#49 33⅓ Main Series

Achtung Baby

Stephen Catanzarite
2.84
224 ratings 48 reviews
Achtung Baby is a sobering album - U2's troubled, troubling, and most fully-realized effort. While many parts of the world were awakening from the assorted nightmares of the 20th century, U2 seemed to be entering the dark night of the soul. Once, the band summoned the sound of the trumpet blast that brought down the walls of Jericho. On Achtung Baby, the trumpet is often muted, somberly playing taps over the ashes of lost love, lost hope.

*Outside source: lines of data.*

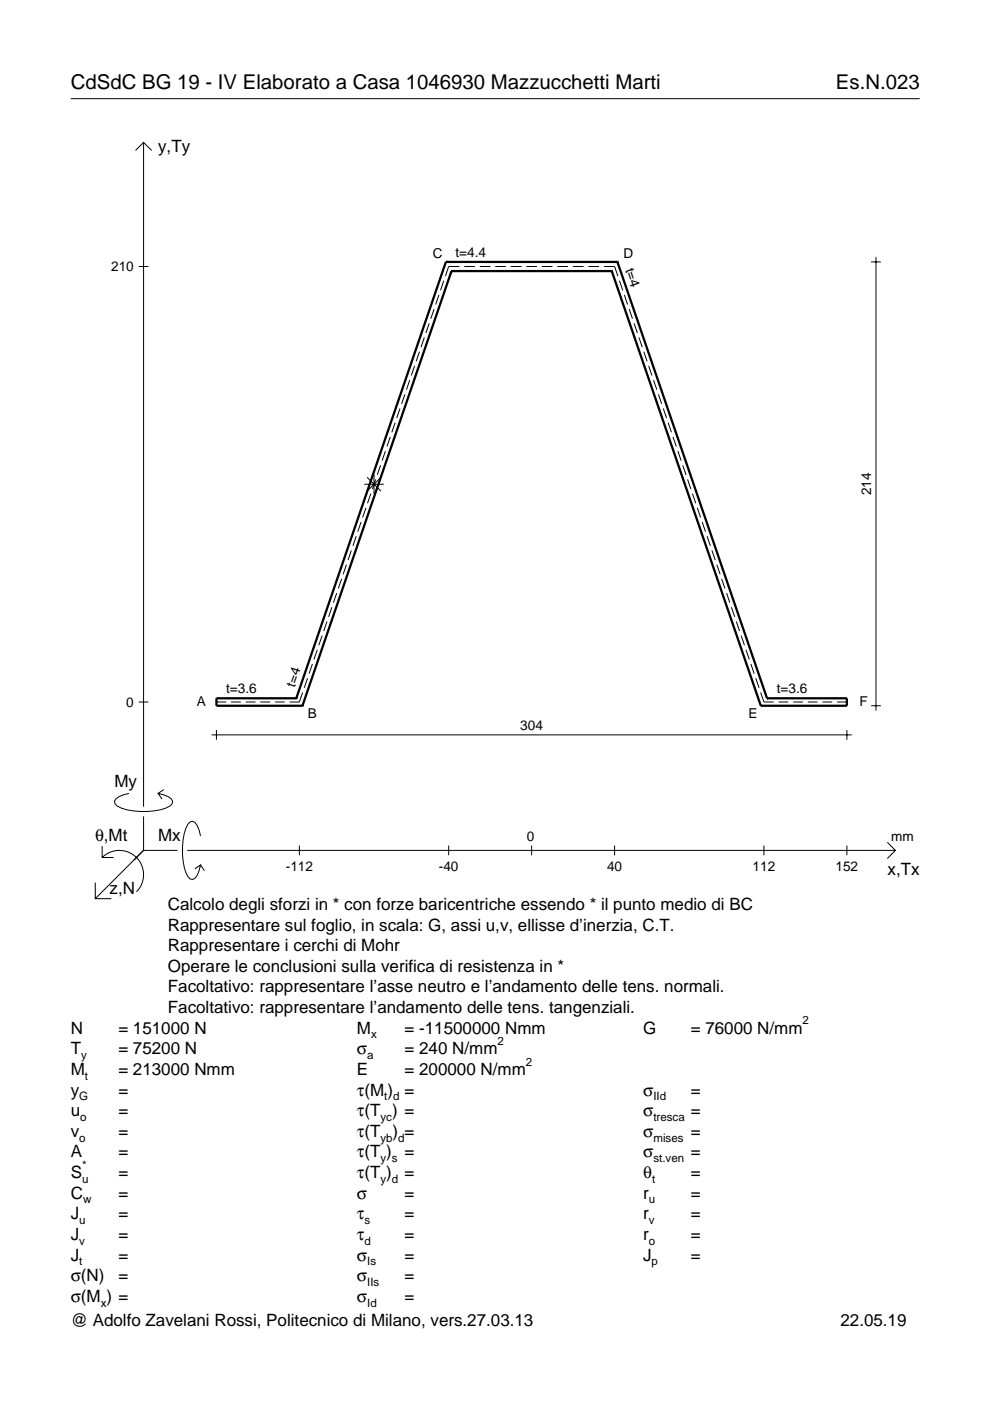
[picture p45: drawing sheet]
<svg xmlns="http://www.w3.org/2000/svg" width="210mm" height="297mm" viewBox="0 0 210 297" stroke-linecap="round" stroke-linejoin="round" font-family="sans-serif">
<defs><g id="words">
<g font-size="4.3">
<text x="15" y="18.9">CdSdC BG 19 - IV Elaborato a Casa 1046930 Mazzucchetti Marti</text>
<text x="177.2" y="18.9">Es.N.023</text>
</g>
<g font-size="3.6">
<text x="33.5" y="32.3">y,Ty</text>
<text x="24.3" y="166.9">My</text>
<text x="20.1" y="178.2">θ,Mt</text>
<text x="33.5" y="178.2">Mx</text>
<text x="188.2" y="185.5">x,Tx</text>
<text x="23.2" y="189.6">z,N</text>
<text x="35.6" y="192.9">Calcolo degli sforzi in * con forze baricentriche essendo * il punto medio di BC</text>
<text x="35.6" y="197.3">Rappresentare sul foglio, in scala: G, assi u,v, ellisse d’inerzia, C.T.</text>
<text x="35.6" y="201.7">Rappresentare i cerchi di Mohr</text>
<text x="35.6" y="206">Operare le conclusioni sulla verifica di resistenza in *</text>
<text x="35.6" y="210.4">Facoltativo: rappresentare l’asse neutro e l’andamento delle tens. normali.</text>
<text x="35.6" y="214.8">Facoltativo: rappresentare l’andamento delle tens. tangenziali.</text>
<text x="15" y="219.2">N</text>
<text x="25.1" y="219.2">= 151000 N</text>
<text x="75.7" y="219.2">M</text>
<text x="85.8" y="219.2">= -11500000 Nmm</text>
<text x="136.4" y="219.2">G</text>
<text x="146.5" y="219.2">= 76000 N/mm</text>
<text x="15" y="227.9">M</text>
<text x="15" y="223.5">T</text>
<text x="25.1" y="227.9">= 213000 Nmm</text>
<text x="25.1" y="223.5">= 75200 N</text>
<text x="75.7" y="223.5">σ</text>
<text x="75.7" y="227.9">E</text>
<text x="85.8" y="223.5">= 240 N/mm</text>
<text x="85.8" y="227.9">= 200000 N/mm</text>
<text x="15" y="232.3">y</text>
<text x="25.1" y="232.3">=</text>
<text x="75.7" y="232.3">τ(M ) =</text>
<text x="136.4" y="232.3">σ</text>
<text x="146.5" y="232.3">=</text>
<text x="15" y="236.7">u</text>
<text x="25.1" y="236.7">=</text>
<text x="75.7" y="236.7">τ(T ) =</text>
<text x="136.4" y="236.7">σ</text>
<text x="146.5" y="236.7">=</text>
<text x="15" y="245.4">A</text>
<text x="15" y="241">v</text>
<text x="25.1" y="241">=</text>
<text x="25.1" y="245.4">=</text>
<text x="75.7" y="245.4">τ(T )</text>
<text x="75.7" y="241">τ(T</text>
<text x="83.3" y="241">) =</text>
<text x="85.8" y="245.4">=</text>
<text x="136.4" y="241">σ</text>
<text x="136.4" y="245.4">σ</text>
<text x="146.5" y="241">=</text>
<text x="146.5" y="245.4">=</text>
<text x="15" y="249.8">S</text>
<text x="25.1" y="249.8">=</text>
<text x="75.7" y="249.8">τ(T )</text>
<text x="85.8" y="249.8">=</text>
<text x="136.4" y="249.8">θ</text>
<text x="146.5" y="249.8">=</text>
<text x="15" y="254.2">C</text>
<text x="25.1" y="254.2">=</text>
<text x="75.7" y="254.2">σ</text>
<text x="85.8" y="254.2">=</text>
<text x="136.4" y="254.2">r</text>
<text x="146.5" y="254.2">=</text>
<text x="15" y="262.9">J</text>
<text x="15" y="258.5">J</text>
<text x="25.1" y="262.9">=</text>
<text x="25.1" y="258.5">=</text>
<text x="75.7" y="258.5">τ</text>
<text x="75.7" y="262.9">τ</text>
<text x="85.8" y="258.5">=</text>
<text x="85.8" y="262.9">=</text>
<text x="136.4" y="262.9">r</text>
<text x="136.4" y="258.5">r</text>
<text x="146.5" y="262.9">=</text>
<text x="146.5" y="258.5">=</text>
<text x="15" y="267.3">J</text>
<text x="25.1" y="267.3">=</text>
<text x="75.7" y="267.3">σ</text>
<text x="85.8" y="267.3">=</text>
<text x="136.4" y="267.3">J</text>
<text x="146.5" y="267.3">=</text>
<text x="15" y="271.7">σ(N)</text>
<text x="25.1" y="271.7">=</text>
<text x="75.7" y="271.7">σ</text>
<text x="85.8" y="271.7">=</text>
<text x="15" y="276">σ(M ) =</text>
<text x="15" y="281.2">@ Adolfo Zavelani Rossi, Politecnico di Milano, vers.27.03.13</text>
<text x="75.7" y="276">σ</text>
<text x="85.8" y="276">=</text>
<text x="178.2" y="281.2">22.05.19</text>
</g>
<g font-size="2.9">
<text x="23.6" y="57.5">210</text>
<text x="91.8" y="54.8">C</text>
<text x="96.6" y="54.5">t=4.4</text>
<text x="132.2" y="54.8">D</text>
<text x="132.5" y="57.2" transform="rotate(71 132.5 57.2)">t=4</text>
<text x="184.7" y="105" transform="rotate(-90 184.7 105)">214</text>
<text x="26.8" y="149.8">0</text>
<text x="41.7" y="149.7">A</text>
<text x="47.9" y="147">t=3.6</text>
<text x="62.5" y="145.8" transform="rotate(-71 62.5 145.8)">t=4</text>
<text x="164.7" y="147">t=3.6</text>
<text x="182.2" y="149.7">F</text>
<text x="65.2" y="152.3">B</text>
<text x="110.3" y="154.8">304</text>
<text x="158.7" y="152.3">E</text>
<text x="111.7" y="178.2">0</text>
<text x="189" y="178.2">mm</text>
<text x="60.6" y="184.7">-112</text>
<text x="93" y="184.7">-40</text>
<text x="128.7" y="184.7">40</text>
<text x="159.6" y="184.7">112</text>
<text x="177.2" y="184.7">152</text>
</g>
<g font-size="2.4">
<text x="78.7" y="220.2">x</text>
<text x="105.5" y="221.5">2</text>
<text x="170.2" y="217.2">2</text>
<text x="17.2" y="224.5">y</text>
<text x="77.9" y="224.5">a</text>
<text x="111.5" y="225.9">2</text>
<text x="16.8" y="233.3">G</text>
<text x="18" y="228.9">t</text>
<text x="81.5" y="233.3">t d</text>
<text x="138.5" y="233.3">IId</text>
<text x="17" y="237.7">o</text>
<text x="80.7" y="237.7">yc</text>
<text x="138.5" y="237.7">tresca</text>
<text x="16.8" y="242">o</text>
<text x="80.7" y="242">yb d</text>
<text x="138.5" y="242">mises</text>
<text x="17.4" y="250.8">u</text>
<text x="17.4" y="247.8">*</text>
<text x="80.7" y="246.4">y s</text>
<text x="80.7" y="250.8">y d</text>
<text x="138.2" y="250.8">t</text>
<text x="138.5" y="246.4">st.ven</text>
<text x="17.6" y="255.2">w</text>
<text x="137.6" y="255.2">u</text>
<text x="16.8" y="263.9">v</text>
<text x="16.8" y="259.5">u</text>
<text x="77.3" y="263.9">d</text>
<text x="77.3" y="259.5">s</text>
<text x="137.6" y="263.9">o</text>
<text x="137.6" y="259.5">v</text>
<text x="16.8" y="268.3">t</text>
<text x="77.9" y="268.3">Is</text>
<text x="138.2" y="268.3">p</text>
<text x="77.9" y="272.7">IIs</text>
<text x="21.4" y="277">x</text>
<text x="77.9" y="277">Id</text>
</g>
</g></defs>
<g fill="none" stroke="#000" stroke-width=".21">
<path d="M15 20.9h180M28.7 31.9l1.7-1.7 1.8 1.7M30.4 30.2v140.8M29.4 56.5h2.1M94.1 59.5l-.7 2.1M97.4 56.5h-2.3l-.7 2M98.4 56.5h2.3M101.7 56.5h2.3M105 56.5h2.3M108.3 56.5h2.3M111.6 56.5h2.2M114.9 56.5h2.2"/>
<path d="M118.2 56.5h2.2M121.5 56.5h2.2M124.8 56.5h2.2M128 56.5h2.3l.7 2M131.3 59.5l.7 2.1M184.7 55.5h2.1M185.7 54.5v96.2M87.9 77.6l-.7 2M88.9 74.6l-.7 2M90 71.6l-.7 2M91 68.5l-.7 2.1M92 65.5l-.7 2.1"/>
<path d="M93.1 62.5l-.7 2.1M132.4 62.5l.7 2.1M133.4 65.5l.7 2.1M134.4 68.5l.7 2.1M135.5 71.6l.7 2M136.5 74.6l.7 2M137.5 77.6l.7 2M80.7 98.6l-.7 2.1M81.7 95.6l-.7 2.1M82.7 92.6l-.7 2.1M83.8 89.6l-.7 2.1M84.8 86.6l-.7 2"/>
<path d="M85.8 83.6l-.7 2M86.9 80.6l-.7 2M138.6 80.6l.7 2M139.6 83.6l.7 2M140.6 86.6l.7 2M141.7 89.6l.7 2.1M142.7 92.6l.7 2.1M143.7 95.6l.7 2.1M144.8 98.6l.7 2.1M73.5 119.7l-.7 2.1M74.5 116.7l-.7 2M75.5 113.7l-.7 2"/>
<path d="M76.6 110.7l-.7 2M77.2 102.7h4.2M77.6 107.7l-.7 2M77.8 101.2l3 2.9M78.6 104.7l-.7 2M79.3 100.6v4.1M79.6 101.7l-.6 2M80.8 101.2l-3 2.9M145.8 101.7l.7 2M146.8 104.7l.7 2M147.8 107.7l.7 2M148.9 110.7l.7 2"/>
<path d="M149.9 113.7l.7 2M150.9 116.7l.7 2M152 119.7l.7 2.1M67.3 137.8l-.7 2M68.3 134.8l-.7 2M69.3 131.8l-.7 2M70.4 128.7l-.7 2.1M71.4 125.7l-.7 2.1M72.4 122.7l-.7 2.1M153 122.7l.7 2.1M154 125.7l.7 2.1M155.1 128.7l.7 2.1"/>
<path d="M156.1 131.8l.7 2M157.1 134.8l.7 2M158.2 137.8l.7 2M29.4 148.8h2.1M44.9 155.8h135.7M45.9 148.8h2.1M45.9 154.8v2M49 148.8h2.1M52.1 148.8h2.1M55.2 148.8h2.1M58.3 148.8h2.1M64.2 146.8l-.7 2h-2.1"/>
<path d="M65.2 143.8l-.7 2M66.2 140.8l-.7 2M159.2 140.8l.7 2M160.2 143.8l.7 2M161.3 146.8l.7 2h2M165.1 148.8h2M168.2 148.8h2M171.3 148.8h2M174.4 148.8h2M177.5 148.8h2.1M179.6 154.8v2M184.7 149.6h2.1"/>
<path d="M21.7 179.4v2.4h2.4M27.3 168.2a3.6 3.6 0 0 0-3 1.7l.1 .5a5.6 5.6 0 0 0 3.8 1.5 13.4 13.4 0 0 0 7.8-1l.5-.5 .1-.5a3.6 3.6 0 0 0-3.1-1.7l.8 1.2M30.4 173.1v7.2M34.7 167.4l-1.2 .8M42.5 177.2a3.6 3.6 0 0 0-1.7-3.1l-.5 .2a5.7 5.7 0 0 0-1.5 3.7 13.3 13.3 0 0 0 1 7.9l.5 .5 .5 .1a3.6 3.6 0 0 0 1.7-3.1l-1.2 .8M63.5 179.3v2M95.1 179.3v2M112.7 179.3v2M130.3 179.3v2M162 179.3v2M179.6 179.3v2M188.1 178.6l1.7 1.7-1.7 1.7"/>
<path d="M20.2 187.2v3.3h3.4M21.7 181.8a5.1 5.1 0 0 1 7.2 0 5.1 5.1 0 0 1 0 7.3M30.4 180.3l-10.2 10.2M30.4 180.3h7.2M39.7 180.3h150.1M42.5 183.4l.8 1.2"/>
</g>
<g fill="none" stroke="#000" stroke-width=".48">
<path d="M94.5 55.5h.1M94.5 55.5l-31.7 92.6M94.5 55.5h36.4M95.7 57.5h.1M95.7 57.5l-31.6 92.1M95.7 57.5h34M129.7 57.5h.1M129.7 57.5l31.6 92.1M130.9 55.5h.1M130.9 55.5l31.7 92.6M62.8 148.1h.1M62.8 148.1h-16.9v1.5h18.2"/>
<path d="M64.1 149.6h.1M161.3 149.6h.1M162.6 148.1h.1M162.6 148.1h17v1.5h-18.3"/>
</g>
<use href="#words"/>
</svg>

In many ways, this dazzling and prophetic album seems to foreshadow the disintegration of the old world order and the splintering of traditional alliances which have marked the start of the third millennium. Add to that its nervous ruminations on the many facets and demands of love (romantic, erotic, and filial) and you have an album that Bono rightly called a "heavy mother". This book considers Achtung Baby through the prisms of politics, spirituality, and music. In the words of the author, "While this book is written chiefly as a series of reflections, it is not entirely meditative. Arguments are advanced and there is some wrestling with the mysteries of life, death, love, betrayal, God, man, woman, sin, salvation, time, and eternity. I invite the reader to pause from time to time to simply think about those mysteries - and I offer no apology if any of that sounds pretentious. Without a fair amount of pretension, rock and roll would never have made it past 1955, and U2 would never have made it out of Dublin."